You must be pretty fed up of hearing advice on whether you should or shouldn’t compromise. “Keep holding on to your ideal,” say some experts. “You’re wasting your time looking for Mr. or Ms. Perfect,” say others. For women, especially, with the hanging horror of the so-called biological clock hanging over your head, the pressure is on to find Mr. Good Enough and start making babies. Yet you know in your heart you’re destined for greater things…
1. Are you actively ignoring things that are bothering you?
The right sort of compromise shouldn’t feel like you’re working against yourself. It’s natural to doubt and notice faults when you’re just getting to know someone, but when there’s something worthwhile there, the things that attract you to the person should gradually outweigh the things you dislike. This is a natural feeling – the attraction growing inside of you. You may feel the resistance to this in the form of doubt, but the driving force should be your attraction. You should get a sense that things are moving in this direction after a few dates. If, instead, everything feels forced, like you’re expending a lot of energy ignoring stuff that’s bothering you, then this person is probably not right for you.

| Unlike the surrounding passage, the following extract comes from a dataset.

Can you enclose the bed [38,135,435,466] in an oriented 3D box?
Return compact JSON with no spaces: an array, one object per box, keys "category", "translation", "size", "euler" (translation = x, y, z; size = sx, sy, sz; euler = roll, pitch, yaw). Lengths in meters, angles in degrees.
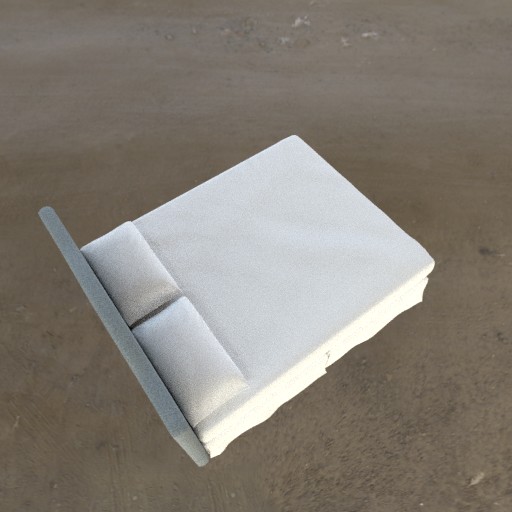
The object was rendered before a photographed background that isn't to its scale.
[{"category":"bed","translation":[0.000,0.000,3.928],"size":[2.689,1.457,2.161],"euler":[-32,64,-18]}]

2. Are you feeling your own feelings?
The fear of being alone, of not starting a family is a powerful force. It can make you blind to your true feelings about someone to the point where you convince yourself they are perfect for you. Friends and family, keen to see you happy, may also encourage you to hold onto someone who’s wrong for you. At other times, judgemental friends and family members may fail to see the potential in someone special and convince you that you can do better. Listening to other people’s advice is not a bad thing, especially if you have a bad dating pattern, but your feelings should come first. Make sure you’re listening to your own heart and not other people’s. If it’s sending you in directions that seem wrong, then maybe it’s telling you that you still have some things to learn before you’re ready for the right relationship. Pay attention.

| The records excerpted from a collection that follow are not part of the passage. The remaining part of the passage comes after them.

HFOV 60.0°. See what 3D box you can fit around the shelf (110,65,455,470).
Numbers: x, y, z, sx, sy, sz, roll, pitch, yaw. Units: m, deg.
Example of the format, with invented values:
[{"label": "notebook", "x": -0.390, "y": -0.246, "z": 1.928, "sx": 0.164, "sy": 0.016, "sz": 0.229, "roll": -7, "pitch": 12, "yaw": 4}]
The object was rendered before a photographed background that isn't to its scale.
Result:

3. Are you putting conditions on the relationship too soon?
You shouldn’t enter a relationship hoping you can change your partner to fit your ideal. Relationships do change people, but in order to be in one you must be able to accept your partner as they are and be happy with that person. If you start dating someone thinking you can change the things about them you don’t like then you’re deluding yourself. You’re trying to date someone who doesn’t exist instead of dating the person in front of you.

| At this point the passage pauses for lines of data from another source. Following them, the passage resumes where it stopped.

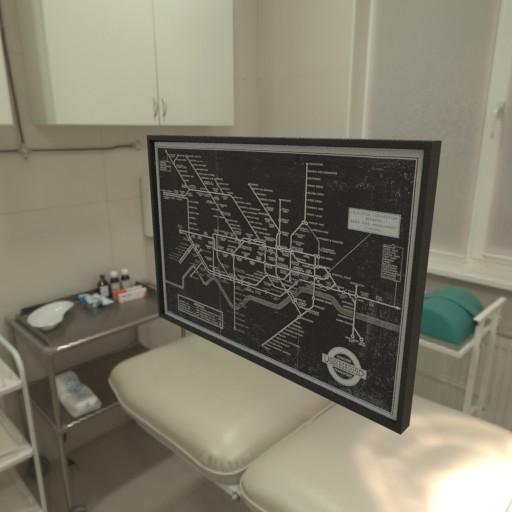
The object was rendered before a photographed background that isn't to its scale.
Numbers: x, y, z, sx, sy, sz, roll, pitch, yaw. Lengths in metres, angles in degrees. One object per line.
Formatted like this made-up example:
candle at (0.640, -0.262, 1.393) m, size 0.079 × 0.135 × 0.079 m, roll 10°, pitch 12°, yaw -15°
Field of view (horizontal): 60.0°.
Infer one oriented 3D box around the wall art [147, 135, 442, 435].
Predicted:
wall art at (0.000, 0.000, 0.581) m, size 0.443 × 0.301 × 0.021 m, roll 15°, pitch 22°, yaw 42°

4. Are you rewriting history?
Making a natural compromise is not about pretending this is what you’ve always wanted. That’s delusion, not a compromise. Being aware of the things in your partner that don’t quite gel with your ideal but realising they don’t matter in the grand scheme of things is real. Convincing yourself that everything you’ve always wanted was wrong so you can hold on to a relationship for fear of being alone is bad for you.
5. Are you happy?
If someone makes you happy, genuinely happy, then that’s the important thing. All the doubts you may be feeling for your partner failing to stand up to your preconceived standards are your head dealing with the difficult issue of reconciling the fact that your world view is being challenged by reality. I can’t stress this enough – the brain has very little, if anything, to do with deciding matters of the heart. Even when we think we’re acting from purely physical, subconscious motives when we choose someone, billions of years of evolution are acting on our behalf, taking into accounts factors our conscious minds are not even aware of. Your brain is used to being involved in all your decisions, so it’ll want in on this one too, but it’s not really its domain. Let your brain do the things it’s good at and let your body and your heart do their job. Stop and listen to what they’re telling you. Then you’ll know if you’re dating the right person.